Bin yıllık Anadolu tarihinde, Anadolu’yu dönüştürenler, Anadolu insanının yolunu daraltan yöneticilerden daha çok, Anadolu insanının yolunu genişleten edebiyatçılar olmuştur. Bütün boyutlarıyla hayatı kucaklayan, edebiyat dünyasının kilometre taşları, yöneticilerin desteklediği edebiyatcılar değil, yönetilenlerin desteklediği edebiyatçılar olmuştur. Edebiyat çıların gücü, ortak sesi oldukları insanların, yaşadıkları coğrafyanın büyüklüğü ve zenginliğinden kaynaklanır.

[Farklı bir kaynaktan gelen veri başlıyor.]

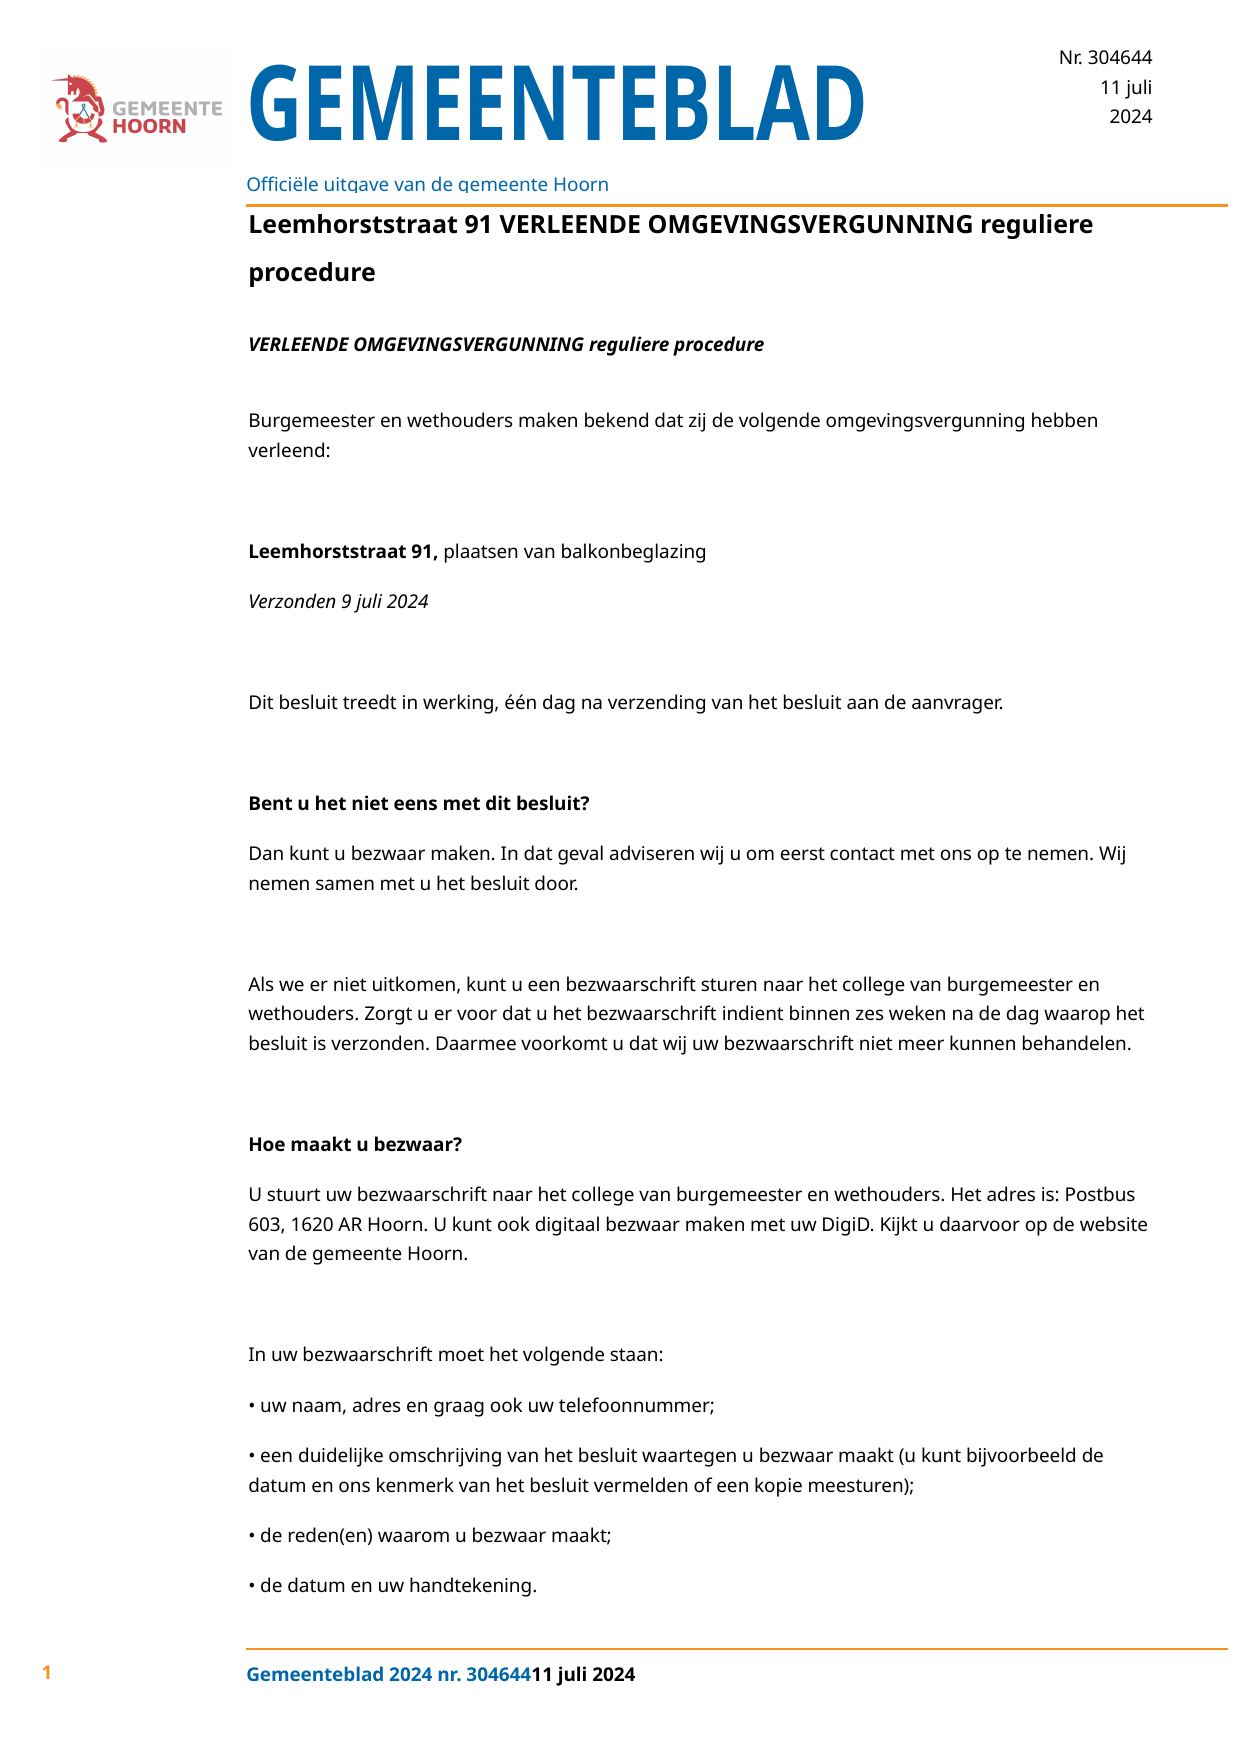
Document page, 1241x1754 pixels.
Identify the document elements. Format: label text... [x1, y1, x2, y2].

text Dit besluit treedt in werking, één dag na verzending van het besluit aan de aanvrager. [248, 689, 1152, 715]
text VERLEENDE OMGEVINGSVERGUNNING reguliere procedure [248, 331, 1152, 357]
text Als we er niet uitkomen, kunt u een bezwaarschrift sturen naar het college van burgemeester en wethouders. Zorgt u er voor dat u het bezwaarschrift indient binnen zes weken na de dag waarop het besluit is verzonden. Daarmee voorkomt u dat wij uw bezwaarschrift niet meer kunnen behandelen. [248, 971, 1152, 1056]
picture [41, 47, 231, 172]
text Verzonden 9 juli 2024 [248, 588, 1152, 614]
text Bent u het niet eens met dit besluit? [248, 790, 1152, 816]
text Dan kunt u bezwaar maken. In dat geval adviseren wij u om eerst contact met ons op te nemen. Wij nemen samen met u het besluit door. [248, 841, 1152, 896]
text • een duidelijke omschrijving van het besluit waartegen u bezwaar maakt (u kunt bijvoorbeeld de datum en ons kenmerk van het besluit vermelden of een kopie meesturen); [248, 1442, 1152, 1497]
text • de datum en uw handtekening. [248, 1573, 1152, 1598]
text • de reden(en) waarom u bezwaar maakt; [248, 1522, 1152, 1548]
text Burgemeester en wethouders maken bekend dat zij de volgende omgevingsvergunning hebben verleend: [248, 408, 1152, 463]
text Hoe maakt u bezwaar? [248, 1131, 1152, 1157]
text Leemhorststraat 91, plaatsen van balkonbeglazing [248, 538, 1152, 564]
text In uw bezwaarschrift moet het volgende staan: [248, 1341, 1152, 1367]
text • uw naam, adres en graag ook uw telefoonnummer; [248, 1392, 1152, 1417]
text Leemhorststraat 91 VERLEENDE OMGEVINGSVERGUNNING reguliere procedure [248, 207, 1152, 288]
text U stuurt uw bezwaarschrift naar het college van burgemeester en wethouders. Het adres is: Postbus 603, 1620 AR Hoorn. U kunt ook digitaal bezwaar maken met uw DigiD. Kijkt u daarvoor op de website van de gemeente Hoorn. [248, 1181, 1152, 1266]

Yirminci yüzyılın edebiyat dergileri, Anadolu insanının düşünce ve eylem dünyasını, yerelden küresele taşıyan, bir kültür ve sanat akademisi olma görevi yüklenmişlerdir. Onların çevresinde toplanan edebiyatcılar, sıradan edebiyatçılar gibi, akıntı yönünde gidenler değil, Van gölünün inci kefalleri gibi, akıntıya karşı gitmesini bilen, sıradışı edebiyatçılardır. Onlar güçlerini eleştirdikleri devletten önce, seslendikleri milletten almışlardır. Onlar devletin çorak topraklarına değil, milletin bereketli bağrına yatırım yapmışlardır.

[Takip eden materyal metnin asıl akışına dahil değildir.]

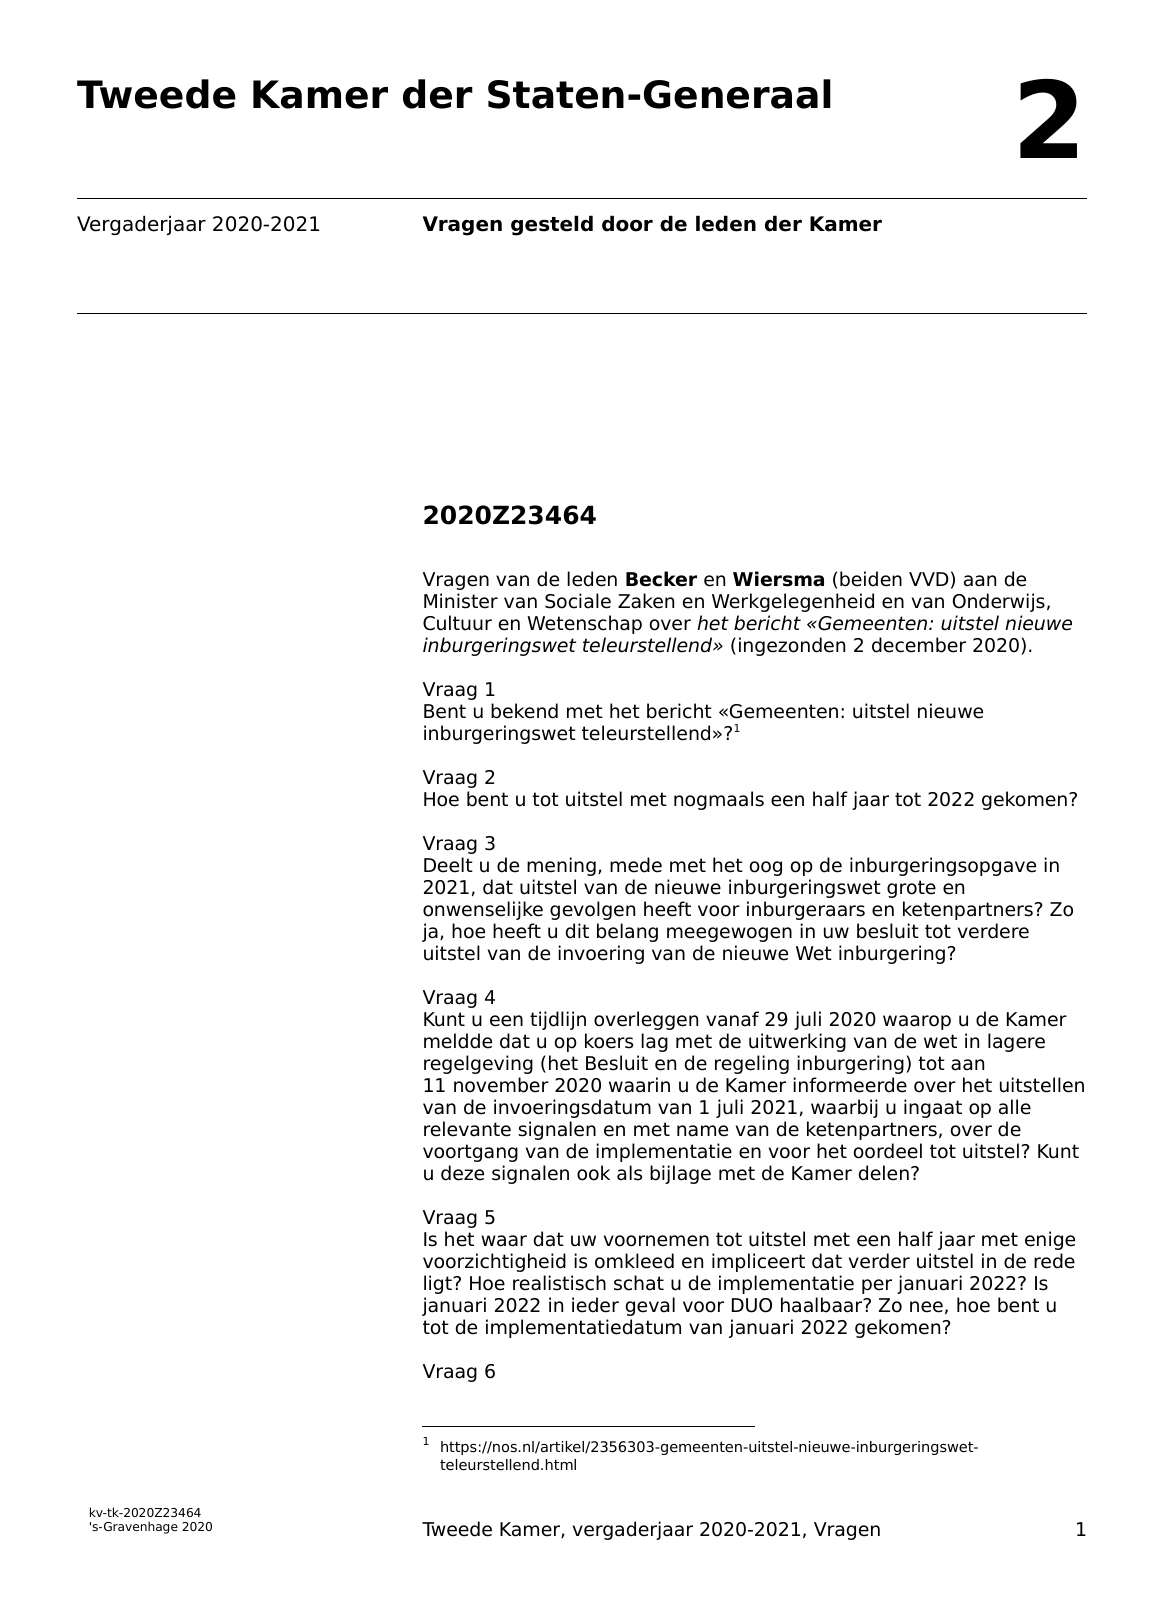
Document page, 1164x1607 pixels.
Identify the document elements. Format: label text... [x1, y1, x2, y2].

text Vraag 3 [422, 833, 1087, 855]
table_cell Vergaderjaar 2020-2021 [77, 199, 422, 313]
text Is het waar dat uw voornemen tot uitstel met een half jaar met enige voorzichtigheid is omkleed en impliceert dat verder uitstel in de rede ligt? Hoe realistisch schat u de implementatie per januari 2022? Is januari 2022 in ieder geval voor DUO haalbaar? Zo nee, hoe bent u tot de implementatiedatum van januari 2022 gekomen? [422, 1229, 1087, 1339]
text Vraag 2 [422, 767, 1087, 789]
text Vraag 4 [422, 987, 1087, 1009]
text Vraag 6 [422, 1361, 1087, 1383]
text Bent u bekend met het bericht «Gemeenten: uitstel nieuwe inburgeringswet teleurstellend»? [422, 701, 1087, 745]
text Hoe bent u tot uitstel met nogmaals een half jaar tot 2022 gekomen? [422, 789, 1087, 811]
table_header Tweede Kamer der Staten-Generaal [77, 59, 886, 198]
table_header 2 [886, 59, 1087, 198]
text kv-tk-2020Z23464 [88, 1506, 323, 1520]
text Deelt u de mening, mede met het oog op de inburgeringsopgave in 2021, dat uitstel van de nieuwe inburgeringswet grote en onwenselijke gevolgen heeft voor inburgeraars en ketenpartners? Zo ja, hoe heeft u dit belang meegewogen in uw besluit tot verdere uitstel van de invoering van de nieuwe Wet inburgering? [422, 855, 1087, 965]
text 2020Z23464 [422, 501, 1087, 531]
text Vragen van de leden Becker en Wiersma (beiden VVD) aan de Minister van Sociale Zaken en Werkgelegenheid en van Onderwijs, Cultuur en Wetenschap over het bericht «Gemeenten: uitstel nieuwe inburgeringswet teleurstellend» (ingezonden 2 december 2020). [422, 569, 1087, 657]
text Vraag 5 [422, 1207, 1087, 1229]
text 's-Gravenhage 2020 [88, 1520, 323, 1534]
text Kunt u een tijdlijn overleggen vanaf 29 juli 2020 waarop u de Kamer meldde dat u op koers lag met de uitwerking van de wet in lagere regelgeving (het Besluit en de regeling inburgering) tot aan 11 november 2020 waarin u de Kamer informeerde over het uitstellen van de invoeringsdatum van 1 juli 2021, waarbij u ingaat op alle relevante signalen en met name van de ketenpartners, over de voortgang van de implementatie en voor het oordeel tot uitstel? Kunt u deze signalen ook als bijlage met de Kamer delen? [422, 1009, 1087, 1185]
text Vraag 1 [422, 679, 1087, 701]
table_cell Vragen gesteld door de leden der Kamer [422, 199, 1087, 313]
text https://nos.nl/artikel/2356303-gemeenten-uitstel-nieuwe-inburgeringswet-teleurstellend.html [422, 1435, 1087, 1474]

Yerel edebiyat, küresel edebiyatı, dünyanın kıtaları, kıtaların ülkeleri içinde taşıdığı gibi taşır. Yerel edebiyat küresel edebiyatın habercisidir. Edebiyatın ayna tuttuğu sorunlar, ister yerel ister küresel eksende ele alınsın, bütün insanlığın sorunlarıdır. Yerel edebiyatı küresel edebiyata dönüştürenlerin, Necip Fazıl’ın vurguladığı gibi: “Dudakları ölümsüzlük şarkısında” ve “İmzaları mavera yurdu haritasında”dır. Onlar, insanlığın akıl dünyasına, gönül dünyasının ışığını taşırlar. Ve dünyanın neresinde olurlarsa olsunlar, edebiyatcılar doğruyu arayan doğruluk avcılarıdır.

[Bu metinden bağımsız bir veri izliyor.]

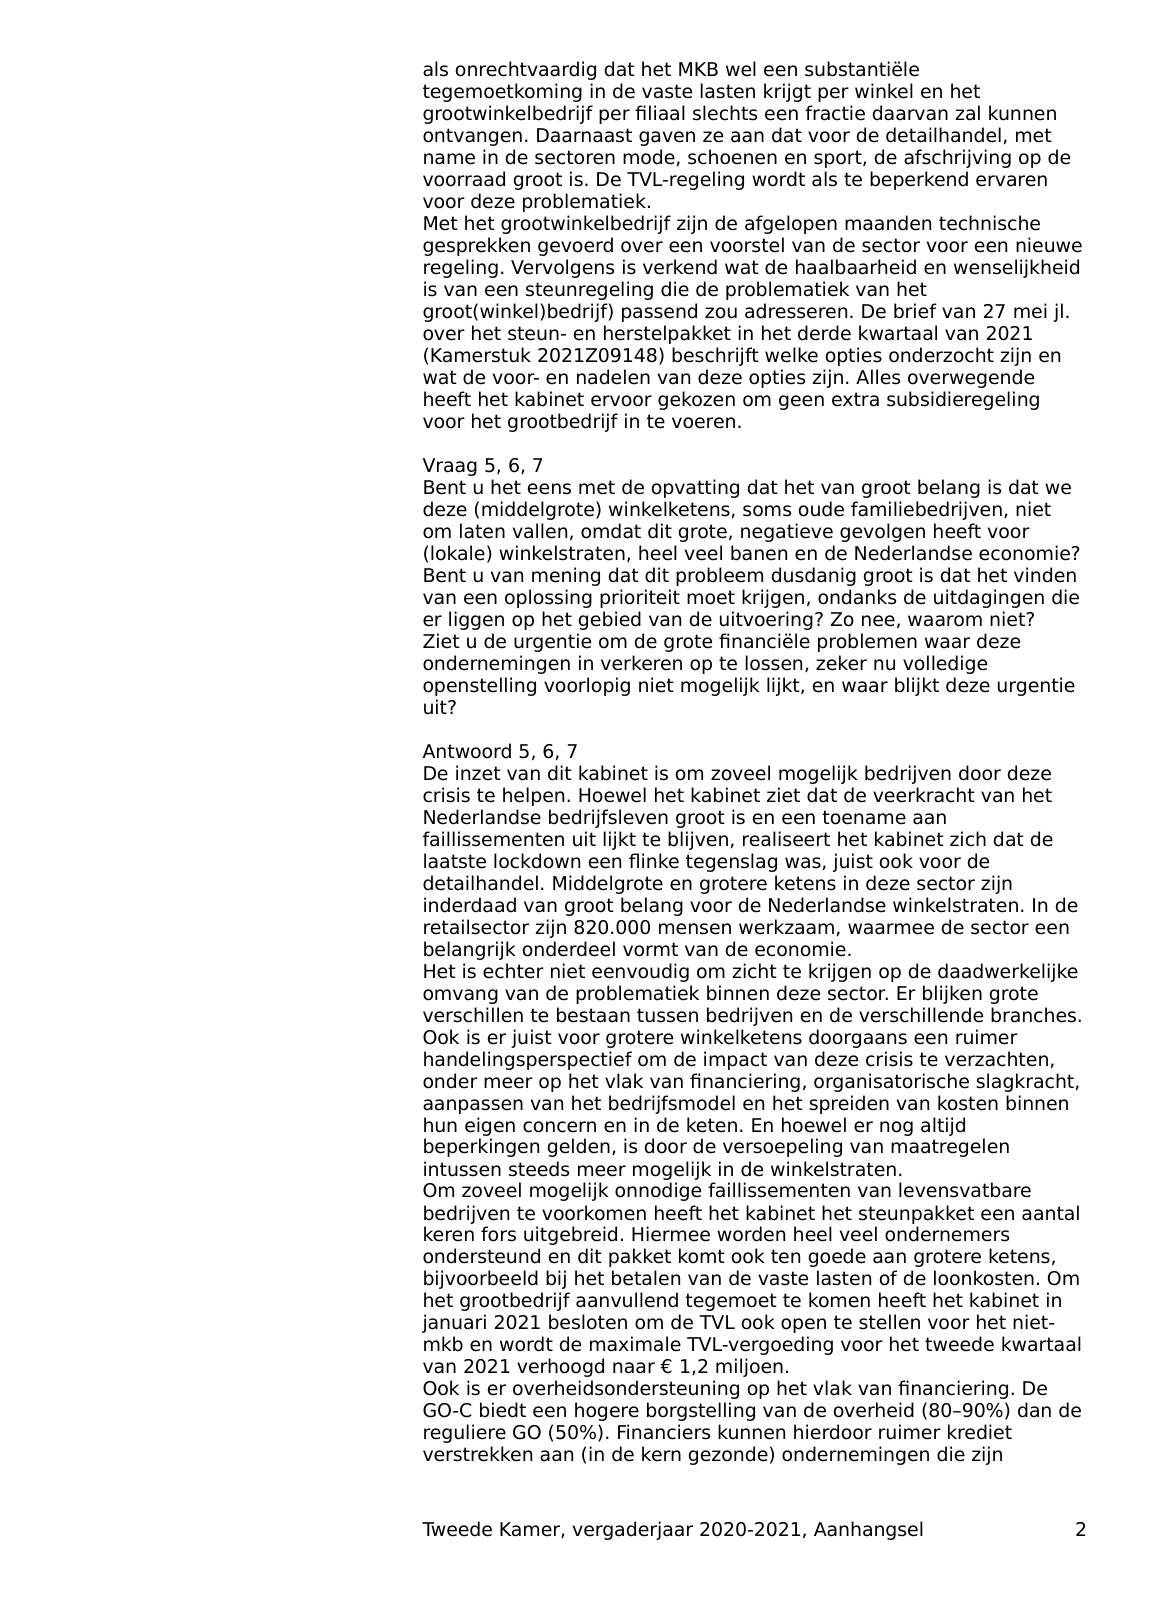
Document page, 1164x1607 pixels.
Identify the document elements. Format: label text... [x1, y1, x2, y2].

text Bent u het eens met de opvatting dat het van groot belang is dat we deze (middelgrote) winkelketens, soms oude familiebedrijven, niet om laten vallen, omdat dit grote, negatieve gevolgen heeft voor (lokale) winkelstraten, heel veel banen en de Nederlandse economie? [422, 477, 1087, 565]
text Ook is er overheidsondersteuning op het vlak van financiering. De GO-C biedt een hogere borgstelling van de overheid (80–90%) dan de reguliere GO (50%). Financiers kunnen hierdoor ruimer krediet verstrekken aan (in de kern gezonde) ondernemingen die zijn [422, 1378, 1087, 1466]
text Om zoveel mogelijk onnodige faillissementen van levensvatbare bedrijven te voorkomen heeft het kabinet het steunpakket een aantal keren fors uitgebreid. Hiermee worden heel veel ondernemers ondersteund en dit pakket komt ook ten goede aan grotere ketens, bijvoorbeeld bij het betalen van de vaste lasten of de loonkosten. Om het grootbedrijf aanvullend tegemoet te komen heeft het kabinet in januari 2021 besloten om de TVL ook open te stellen voor het niet-mkb en wordt de maximale TVL-vergoeding voor het tweede kwartaal van 2021 verhoogd naar € 1,2 miljoen. [422, 1180, 1087, 1378]
text Het is echter niet eenvoudig om zicht te krijgen op de daadwerkelijke omvang van de problematiek binnen deze sector. Er blijken grote verschillen te bestaan tussen bedrijven en de verschillende branches. Ook is er juist voor grotere winkelketens doorgaans een ruimer handelingsperspectief om de impact van deze crisis te verzachten, onder meer op het vlak van financiering, organisatorische slagkracht, aanpassen van het bedrijfsmodel en het spreiden van kosten binnen hun eigen concern en in de keten. En hoewel er nog altijd beperkingen gelden, is door de versoepeling van maatregelen intussen steeds meer mogelijk in de winkelstraten. [422, 961, 1087, 1180]
text Met het grootwinkelbedrijf zijn de afgelopen maanden technische gesprekken gevoerd over een voorstel van de sector voor een nieuwe regeling. Vervolgens is verkend wat de haalbaarheid en wenselijkheid is van een steunregeling die de problematiek van het groot(winkel)bedrijf) passend zou adresseren. De brief van 27 mei jl. over het steun- en herstelpakket in het derde kwartaal van 2021 (Kamerstuk 2021Z09148) beschrijft welke opties onderzocht zijn en wat de voor- en nadelen van deze opties zijn. Alles overwegende heeft het kabinet ervoor gekozen om geen extra subsidieregeling voor het grootbedrijf in te voeren. [422, 213, 1087, 433]
text Ziet u de urgentie om de grote financiële problemen waar deze ondernemingen in verkeren op te lossen, zeker nu volledige openstelling voorlopig niet mogelijk lijkt, en waar blijkt deze urgentie uit? [422, 631, 1087, 719]
text als onrechtvaardig dat het MKB wel een substantiële tegemoetkoming in de vaste lasten krijgt per winkel en het grootwinkelbedrijf per filiaal slechts een fractie daarvan zal kunnen ontvangen. Daarnaast gaven ze aan dat voor de detailhandel, met name in de sectoren mode, schoenen en sport, de afschrijving op de voorraad groot is. De TVL-regeling wordt als te beperkend ervaren voor deze problematiek. [422, 59, 1087, 213]
text Vraag 5, 6, 7 [422, 455, 1087, 477]
text Antwoord 5, 6, 7 [422, 741, 1087, 763]
text De inzet van dit kabinet is om zoveel mogelijk bedrijven door deze crisis te helpen. Hoewel het kabinet ziet dat de veerkracht van het Nederlandse bedrijfsleven groot is en een toename aan faillissementen uit lijkt te blijven, realiseert het kabinet zich dat de laatste lockdown een flinke tegenslag was, juist ook voor de detailhandel. Middelgrote en grotere ketens in deze sector zijn inderdaad van groot belang voor de Nederlandse winkelstraten. In de retailsector zijn 820.000 mensen werkzaam, waarmee de sector een belangrijk onderdeel vormt van de economie. [422, 763, 1087, 961]
text Bent u van mening dat dit probleem dusdanig groot is dat het vinden van een oplossing prioriteit moet krijgen, ondanks de uitdagingen die er liggen op het gebied van de uitvoering? Zo nee, waarom niet? [422, 565, 1087, 631]

Edebiyatın özelde ya da genelde seslendiği insan, küçük bir dünya değildir, her insanda büyük bir dünya gizlidir. Yerel edebiyatı küresel edebiyatla bütünleştiren edebiyat, uçlarda dolaşan edebiyat değil, iki uca birden dokunarak, altın oranda harmanlamasını bilen edebiyattır. Onlar dünyada arayış içinde olan insanların hem akıllarına, hem de gönüllerine seslenirler. Onların ölümsüz eserlerinde, insanların akılları görünmez, akıllarının gölgeleri okunur, insanların gönülleri okunmaz gönüllerinin sesleri duyulur.
Yirmibirinci yüzyılda insan bir yandan yabancılaşırken, bir yandan yalnızlaşmaktadır. Yabancılaşmanın ve yalnızlaşmanın üstesinden gelecek, edebiyattan daha etkili bir güç yoktur.
Farklılıklar arasındaki benzerlikleri, benzerlikler arasındaki farklılıkları, yerelde küreseli, küreselde yereli gören, edebiyatçılar yakalar.
Gerçeği arayan edebiyatçılar ne Doğuludur, ne Batılıdır, nerede yaşarsa yaşasınlar, gerçeği arayanların vatanları dünyadır.
Dünya bütün insanların, bir gün yitirdikleri vatana dönecekleri, sürgündeki vatanlarıdır.